Простившись с ним, она сворачивает в подворотню, минует ее и идет к автобусной остановке. Котенок послушно остается на месте и смотрит ей вслед.
Возвращаясь к вечеру, она опять встречает его во дворе и, вздохнув, берет на руки. Прижимая детеныша к груди, женщина входит в свой подъезд, вызывает лифт и поднимается к себе домой. Открыв дверь, она ставит у порога сумку со школьными учебниками и тетрадями, пускает гостя в прихожую и зовет в кухню.

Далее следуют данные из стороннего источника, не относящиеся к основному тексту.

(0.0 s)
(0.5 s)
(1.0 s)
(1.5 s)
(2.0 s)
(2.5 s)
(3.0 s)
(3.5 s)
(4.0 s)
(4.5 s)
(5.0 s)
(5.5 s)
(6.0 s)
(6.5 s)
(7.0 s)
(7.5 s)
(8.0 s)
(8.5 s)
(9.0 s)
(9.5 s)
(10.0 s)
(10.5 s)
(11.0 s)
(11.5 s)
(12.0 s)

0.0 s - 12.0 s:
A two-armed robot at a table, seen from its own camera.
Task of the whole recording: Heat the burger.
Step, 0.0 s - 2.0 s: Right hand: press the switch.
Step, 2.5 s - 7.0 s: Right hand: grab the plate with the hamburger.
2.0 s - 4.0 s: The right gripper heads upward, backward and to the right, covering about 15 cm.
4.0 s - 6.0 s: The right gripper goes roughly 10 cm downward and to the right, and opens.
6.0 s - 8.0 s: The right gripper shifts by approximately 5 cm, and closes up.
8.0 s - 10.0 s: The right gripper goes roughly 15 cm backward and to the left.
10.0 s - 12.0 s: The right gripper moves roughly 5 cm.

Налив котенку молока из пластикового пакета, хозяйка смотрит, как жадно малыш лакает, поставив одну лапку в блюдце, фыркая и от удовольствия дрожа. Худ очень, голоден, брошен на произвол судьбы кошкой-матерью, потерявшей голову от успеха у котов. Его беспризорные братцы однажды ушли куда-то из подвала и не вернулись; он живет в одиночестве, скудно питаясь подаянием, и, конечно, давно не видел молока. Шерсть на его подбородке, намокнув, собирается пучочком, отвисает козлиной бородкой. А женщина сидит у стола, жалостливо смотрит на котенка и думает: «Что это он увязался? Куда я его дену? Не выброшу же после того, как принесла домой и накормила!»
– Пей, пей. Не спеши. Никто не отнимет. Будет мало, еще подолью.

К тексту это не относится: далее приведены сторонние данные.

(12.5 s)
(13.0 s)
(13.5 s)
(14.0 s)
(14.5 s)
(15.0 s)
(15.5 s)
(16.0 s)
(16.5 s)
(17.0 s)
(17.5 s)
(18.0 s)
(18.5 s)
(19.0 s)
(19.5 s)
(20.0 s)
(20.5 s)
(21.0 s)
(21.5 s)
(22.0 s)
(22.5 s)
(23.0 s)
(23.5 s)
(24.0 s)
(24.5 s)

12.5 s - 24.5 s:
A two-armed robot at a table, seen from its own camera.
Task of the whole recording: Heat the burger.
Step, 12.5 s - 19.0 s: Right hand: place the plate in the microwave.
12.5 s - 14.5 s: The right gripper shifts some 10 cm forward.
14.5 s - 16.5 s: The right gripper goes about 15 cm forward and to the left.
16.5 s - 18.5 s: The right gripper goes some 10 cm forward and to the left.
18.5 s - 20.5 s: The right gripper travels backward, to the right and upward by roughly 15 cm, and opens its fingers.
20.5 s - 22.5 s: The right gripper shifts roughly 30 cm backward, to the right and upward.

Котенок оборачивается, жмурится, благодарит взглядом, а благодетельница продолжает с ним разговаривать:
– Плохо мне, котик, печально. У меня муж погиб, а потом сынок заболел и умер. Жить без них не хочу, не могу. Знаю, это великий грех, но не хочу. Молю Бога, чтобы послал мне скорую кончину, и прошу у Бога прощения…
Котенок пересытился, отяжелел, отступил от блюдца. Он стоит со вздутым животом, облизываясь, качаясь, закатывая осоловелые глаза, потом валится на бок и засыпает. Женщина относит его в комнату. Там она ложится на диван отдохнуть, а спящего малыша оставляет у себя на груди. Он свернулся калачиком и сквозь сон тихонько мурлычет.

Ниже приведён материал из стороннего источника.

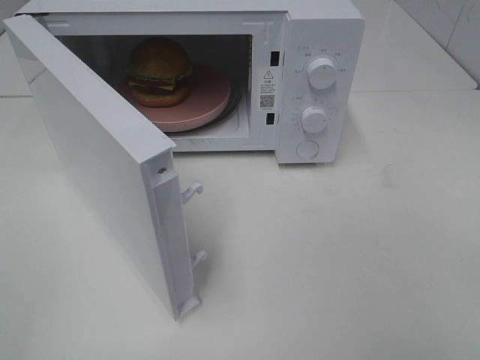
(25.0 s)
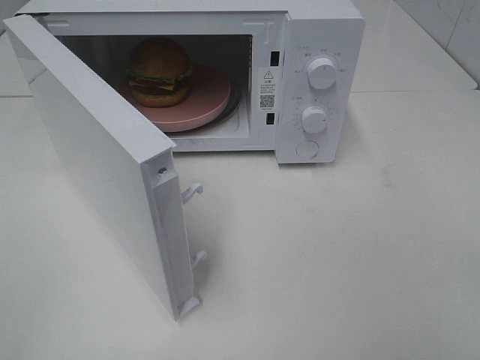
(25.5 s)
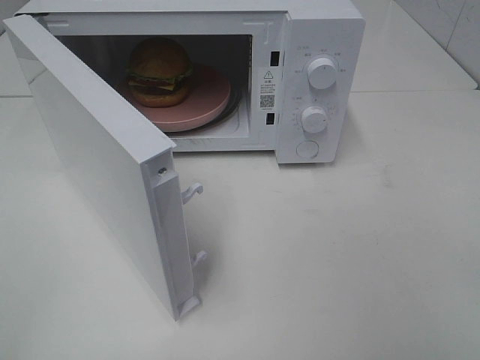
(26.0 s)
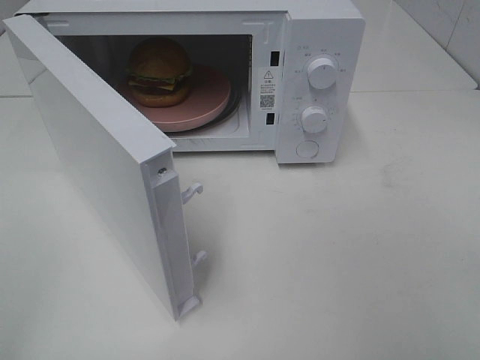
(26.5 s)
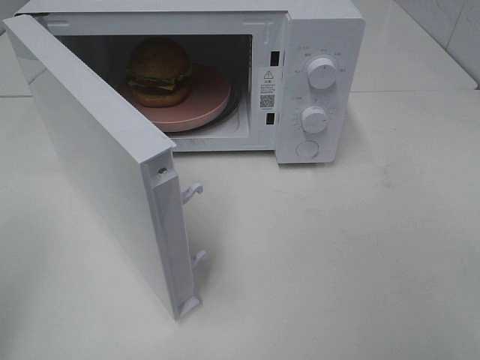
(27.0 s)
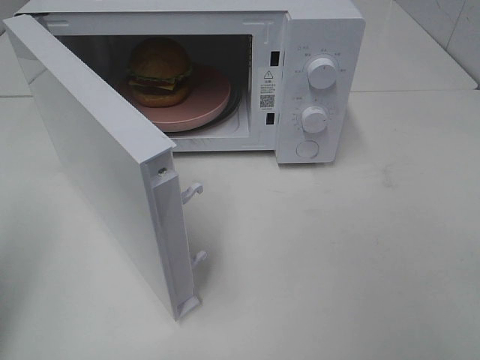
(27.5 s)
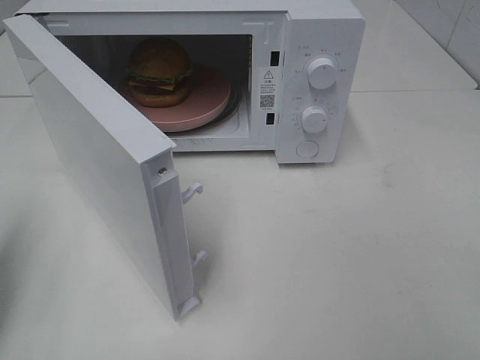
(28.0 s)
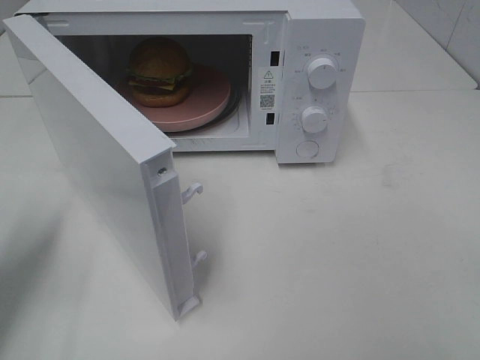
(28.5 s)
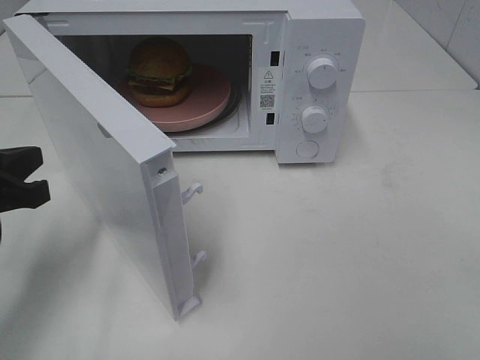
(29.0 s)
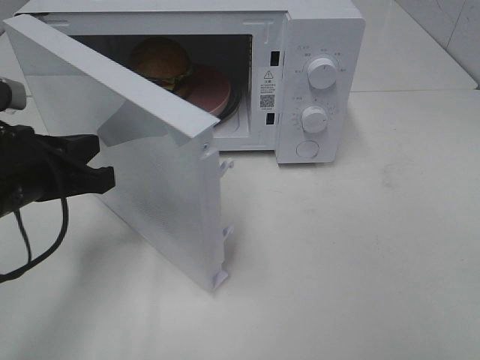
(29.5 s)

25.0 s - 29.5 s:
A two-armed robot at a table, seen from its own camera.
Task of the whole recording: Heat the burger.
27.0 s - 29.5 s: The left gripper shifts roughly 25 cm forward, downward and to the right.

Она согревается его живым теплом и уже горячо любит это крохотное пушистое создание. Женщина поглаживает котенка по мягкой шерстке и чувствует почти кровное родство с ним. Ей необыкновенно хорошо и хочется плакать светлыми слезами, но оттого, что котенок доставляет ей несказанную радость, ее человеческое горе делается горше, и она опять думает о том, что не желает больше жить. С той поры, как потеряла близких, она толком и не живет на свете, механически ест, спит и ходит на занятия в школу, вяло движется, не улыбается и, точно древняя старуха, смотрит потухшими глазами. Настроившись умереть, женщина теряет силы и чует приближение смерти. Нынче ей очень неможется: стоило прилечь, как по телу разлилась болезненная усталость, голова отяжелела, затуманилась, а сердце стронулось с места, захолонуло и застучало с перебоями. «Во рту сухо, – думает она. – Схожу попить», – и, придерживая котенка, хочет подняться с дивана, но не превозмогает слабости. Котенок, вдруг проснувшись, встает и, потоптавшись легкими лапками на ее груди, внимательно разглядывает благодетельницу. «Что это он так смотрит? – думает женщина. – Прямо как человек».
– Буду жить для тебя. Я тебя не брошу.
Прошептав это, она светлеет лицом и поблескивает ожившими глазами. Ей чудится, будто тело крепнет, наполняется энергией, вот только почему-то холодно ногам, стынут ноги, как на морозе. Холод поднимается выше, достигает туловища. Женщина, думая, что просто зябнет, тянет руку к висящему на стуле темному пледу и тут вдруг догадывается, что умирает. «Зачем? Как некстати! Не надо! Это нелепо! Ведь заново обретается смысл жизни, наступает успокоение, греет душу любовь к бедному котенку!» Одним резонным доводом она противится смерти, другим ускоряет ее: «Ты сама хотела преждевременной кончины. Твое сердце истощено безысходной тоской, мозг иссушен черными мыслями, даже течение крови, наверное, замедлено безразличием к жизни. Все твое существо подготовилось к смерти. Она явилась в нежданный час, и ее не отвратить. Поздно».
Холод-смерть сковывает женщину, подбираясь к ее сердцу. Умирающая – в сознании. Она чувствует, как, слабо щелкнув, сердце останавливается, как отлетает душа, а вскоре душа видит распростертое на диване тело, которое покинула, и жалеет о нем. Котенок дугой выгибает спину, взъерошивает шерсть, раздувается, как пузырь, и, ощерившись, не по-котячьи страшно шипит. Он соскакивает с леденеющего трупа и в недоумении смотрит на него.